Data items
#####

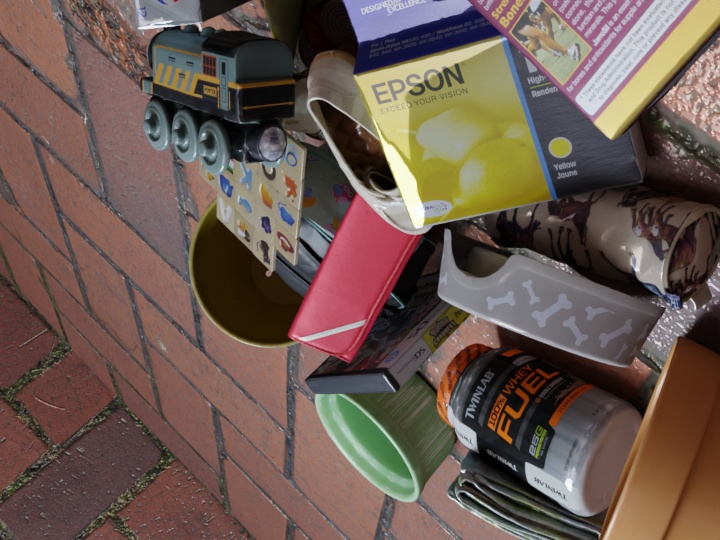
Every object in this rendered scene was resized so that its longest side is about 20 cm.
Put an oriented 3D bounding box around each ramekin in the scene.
[{"bbox_3d":[0.038,0.212,1.376,0.199,0.097,0.201,38,153,24],"label":"ramekin"}]

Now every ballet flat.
[{"bbox_3d":[-0.063,-0.156,0.919,0.199,0.074,0.069,22,119,53],"label":"ballet flat"}]

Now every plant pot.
[{"bbox_3d":[-0.100,-0.008,1.231,0.200,0.200,0.142,47,-179,5],"label":"plant pot"},{"bbox_3d":[0.293,0.173,0.819,0.138,0.201,0.201,21,146,16],"label":"plant pot"}]

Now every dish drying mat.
[{"bbox_3d":[0.000,0.000,0.965,0.076,0.018,0.202,24,117,-7],"label":"dish drying mat"}]

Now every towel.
[{"bbox_3d":[0.186,0.246,1.075,0.169,0.049,0.200,23,-173,11],"label":"towel"}]

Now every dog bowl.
[{"bbox_3d":[0.155,0.024,0.843,0.197,0.060,0.200,19,-176,-1],"label":"dog bowl"}]

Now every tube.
[{"bbox_3d":[-0.074,-0.277,0.948,0.051,0.059,0.201,24,152,6],"label":"tube"}]

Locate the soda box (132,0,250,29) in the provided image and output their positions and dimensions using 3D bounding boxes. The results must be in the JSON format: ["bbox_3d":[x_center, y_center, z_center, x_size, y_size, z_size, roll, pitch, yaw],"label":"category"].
[{"bbox_3d":[-0.148,-0.271,0.906,0.062,0.200,0.069,-2,110,10],"label":"soda box"}]

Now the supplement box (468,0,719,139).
[{"bbox_3d":[0.140,-0.205,0.603,0.200,0.103,0.131,47,142,7],"label":"supplement box"}]

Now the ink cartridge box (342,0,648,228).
[{"bbox_3d":[0.099,-0.140,0.753,0.195,0.047,0.202,-10,124,26],"label":"ink cartridge box"}]

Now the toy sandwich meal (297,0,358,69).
[{"bbox_3d":[0.003,-0.172,0.941,0.204,0.070,0.206,38,152,24],"label":"toy sandwich meal"}]

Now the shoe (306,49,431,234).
[{"bbox_3d":[0.009,-0.095,0.856,0.069,0.054,0.201,-17,130,24],"label":"shoe"}]

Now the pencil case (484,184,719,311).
[{"bbox_3d":[0.193,-0.032,0.810,0.199,0.077,0.091,23,130,44],"label":"pencil case"}]

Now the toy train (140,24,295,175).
[{"bbox_3d":[-0.128,-0.154,0.867,0.199,0.084,0.116,25,118,48],"label":"toy train"}]

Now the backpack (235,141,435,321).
[{"bbox_3d":[-0.033,-0.052,1.052,0.198,0.155,0.175,31,162,-20],"label":"backpack"}]

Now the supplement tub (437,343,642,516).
[{"bbox_3d":[0.182,0.158,1.035,0.199,0.122,0.124,25,145,41],"label":"supplement tub"}]

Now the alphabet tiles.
[{"bbox_3d":[-0.106,-0.103,0.944,0.166,0.006,0.202,41,141,32],"label":"alphabet tiles"}]

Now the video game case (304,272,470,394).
[{"bbox_3d":[0.044,0.064,1.065,0.026,0.181,0.199,52,155,-11],"label":"video game case"}]

#####

• Task directions:
Write out the records in full and exactly, omitting the pictures they hold.

• Task output:
Every object in this rendered scene was resized so that its longest side is about 20 cm.
Put an oriented 3D bounding box around each ramekin in the scene.
[{"bbox_3d":[0.038,0.212,1.376,0.199,0.097,0.201,38,153,24],"label":"ramekin"}]

Now every ballet flat.
[{"bbox_3d":[-0.063,-0.156,0.919,0.199,0.074,0.069,22,119,53],"label":"ballet flat"}]

Now every plant pot.
[{"bbox_3d":[-0.100,-0.008,1.231,0.200,0.200,0.142,47,-179,5],"label":"plant pot"},{"bbox_3d":[0.293,0.173,0.819,0.138,0.201,0.201,21,146,16],"label":"plant pot"}]

Now every dish drying mat.
[{"bbox_3d":[0.000,0.000,0.965,0.076,0.018,0.202,24,117,-7],"label":"dish drying mat"}]

Now every towel.
[{"bbox_3d":[0.186,0.246,1.075,0.169,0.049,0.200,23,-173,11],"label":"towel"}]

Now every dog bowl.
[{"bbox_3d":[0.155,0.024,0.843,0.197,0.060,0.200,19,-176,-1],"label":"dog bowl"}]

Now every tube.
[{"bbox_3d":[-0.074,-0.277,0.948,0.051,0.059,0.201,24,152,6],"label":"tube"}]

Locate the soda box (132,0,250,29) in the provided image and output their positions and dimensions using 3D bounding boxes. The results must be in the JSON format: ["bbox_3d":[x_center, y_center, z_center, x_size, y_size, z_size, roll, pitch, yaw],"label":"category"].
[{"bbox_3d":[-0.148,-0.271,0.906,0.062,0.200,0.069,-2,110,10],"label":"soda box"}]

Now the supplement box (468,0,719,139).
[{"bbox_3d":[0.140,-0.205,0.603,0.200,0.103,0.131,47,142,7],"label":"supplement box"}]

Now the ink cartridge box (342,0,648,228).
[{"bbox_3d":[0.099,-0.140,0.753,0.195,0.047,0.202,-10,124,26],"label":"ink cartridge box"}]

Now the toy sandwich meal (297,0,358,69).
[{"bbox_3d":[0.003,-0.172,0.941,0.204,0.070,0.206,38,152,24],"label":"toy sandwich meal"}]

Now the shoe (306,49,431,234).
[{"bbox_3d":[0.009,-0.095,0.856,0.069,0.054,0.201,-17,130,24],"label":"shoe"}]

Now the pencil case (484,184,719,311).
[{"bbox_3d":[0.193,-0.032,0.810,0.199,0.077,0.091,23,130,44],"label":"pencil case"}]

Now the toy train (140,24,295,175).
[{"bbox_3d":[-0.128,-0.154,0.867,0.199,0.084,0.116,25,118,48],"label":"toy train"}]

Now the backpack (235,141,435,321).
[{"bbox_3d":[-0.033,-0.052,1.052,0.198,0.155,0.175,31,162,-20],"label":"backpack"}]

Now the supplement tub (437,343,642,516).
[{"bbox_3d":[0.182,0.158,1.035,0.199,0.122,0.124,25,145,41],"label":"supplement tub"}]

Now the alphabet tiles.
[{"bbox_3d":[-0.106,-0.103,0.944,0.166,0.006,0.202,41,141,32],"label":"alphabet tiles"}]

Now the video game case (304,272,470,394).
[{"bbox_3d":[0.044,0.064,1.065,0.026,0.181,0.199,52,155,-11],"label":"video game case"}]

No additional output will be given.